The following example shows how logical decoding is controlled over the streaming replication protocol, using the program pg_recvlogical included in the PostgreSQL distribution. This requires that client authentication is set up to allow replication connections (see Section 26.2.5.1) and that max_wal_senders is set sufficiently high to allow an additional connection.

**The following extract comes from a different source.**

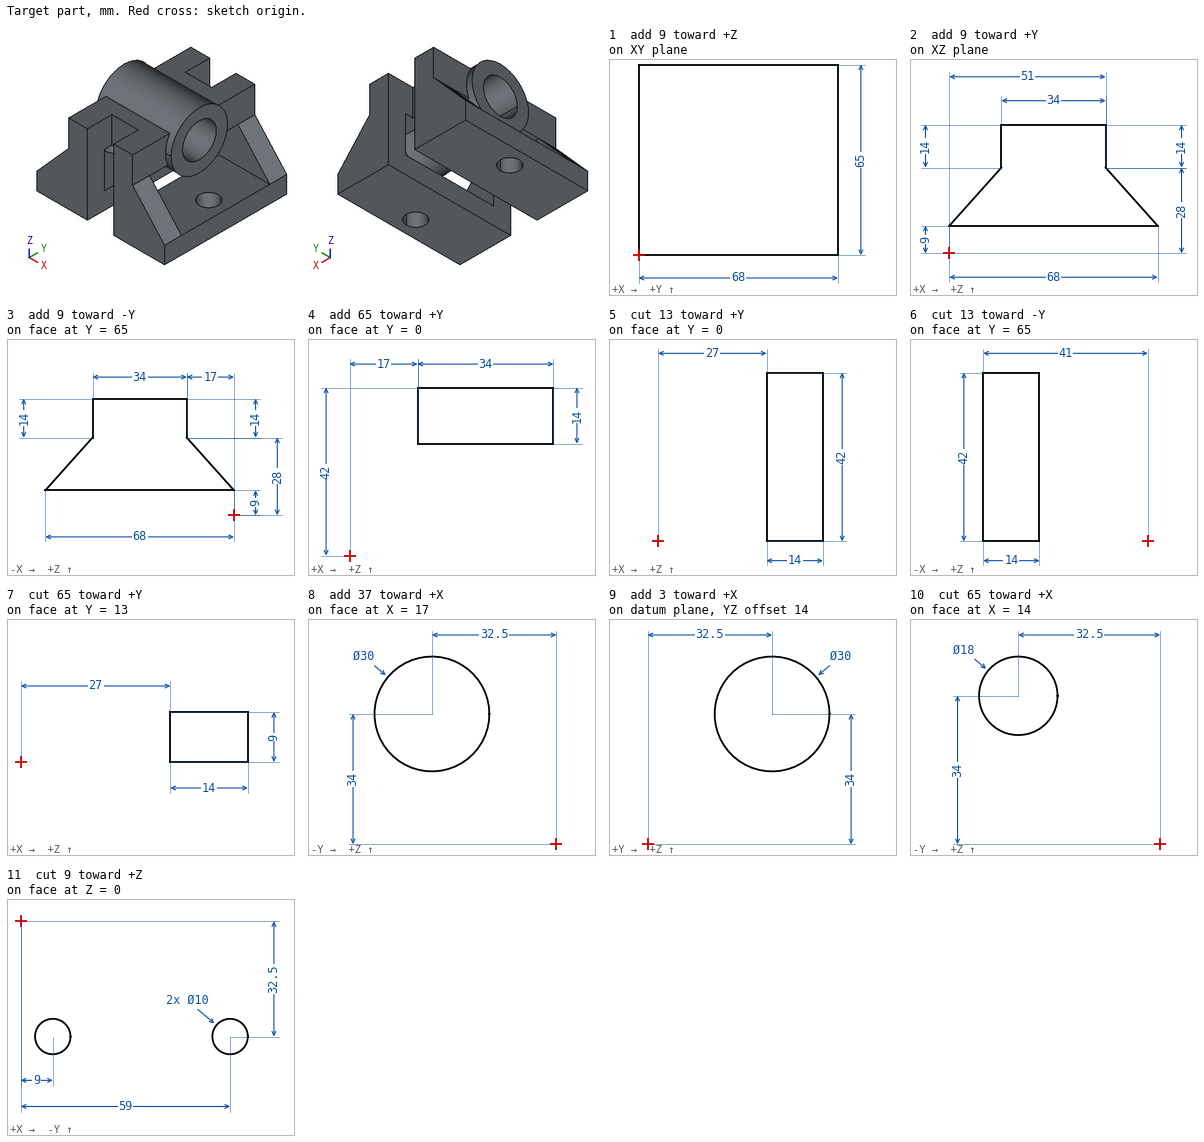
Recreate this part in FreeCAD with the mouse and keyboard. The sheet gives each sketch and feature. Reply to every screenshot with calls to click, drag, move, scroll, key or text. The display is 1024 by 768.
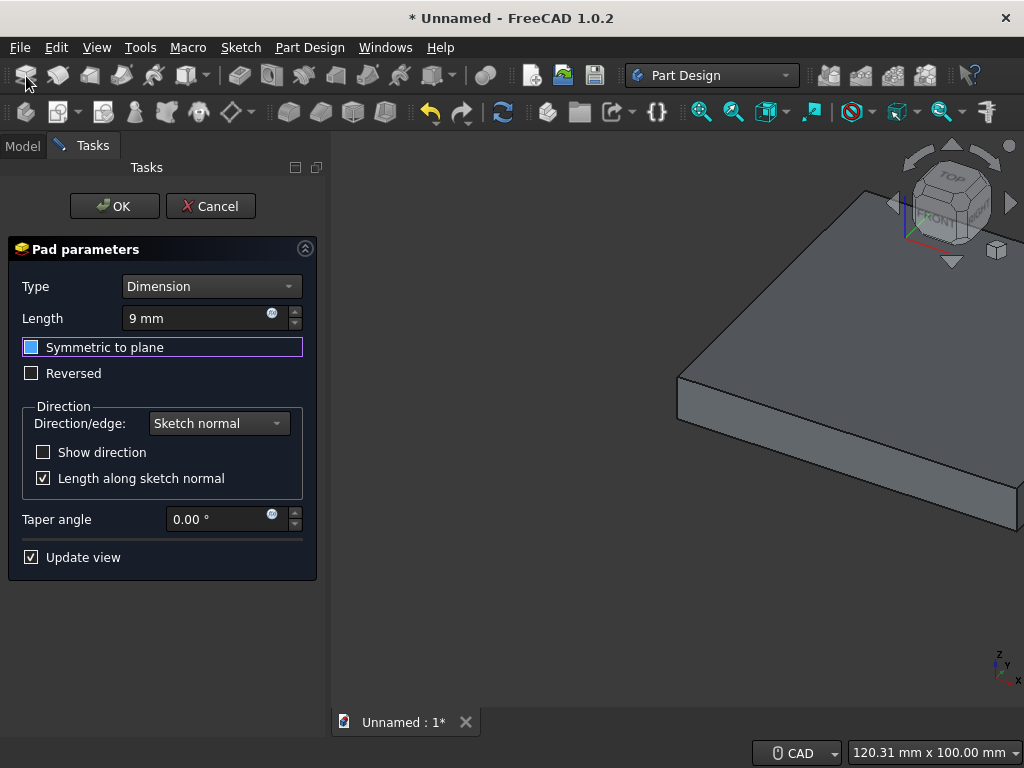
click(115, 206)

$ pg_recvlogical -d postgres --slot=test --create-slot
$ pg_recvlogical -d postgres --slot=test --start -f -
Control+Z
$ psql -d postgres -c "INSERT INTO data(data) VALUES('4');"
$ fg
BEGIN 693
table public.data: INSERT: id[integer]:4 data[text]:'4'
COMMIT 693
Control+C
$ pg_recvlogical -d postgres --slot=test --drop-slot

Logical decoding can be used to build synchronous replication solutions with the same user interface as synchronous replication for streaming replication. To do this, the streaming replication interface (see Section 48.3) must be used to stream out data. Clients have to send Standby status update (F) (see Section 52.4) messages, just like streaming replication clients do.

Note

A synchronous replica receiving changes via logical decoding will work in the scope of a single database. Since, in contrast to that, synchronous_standby_names currently is server wide, this means this technique will not work properly if more than one database is actively used.

The pg_replication_slots view and the pg_stat_replication view provide information about the current state of replication slots and streaming replication connections respectively. These views apply to both physical and logical replication.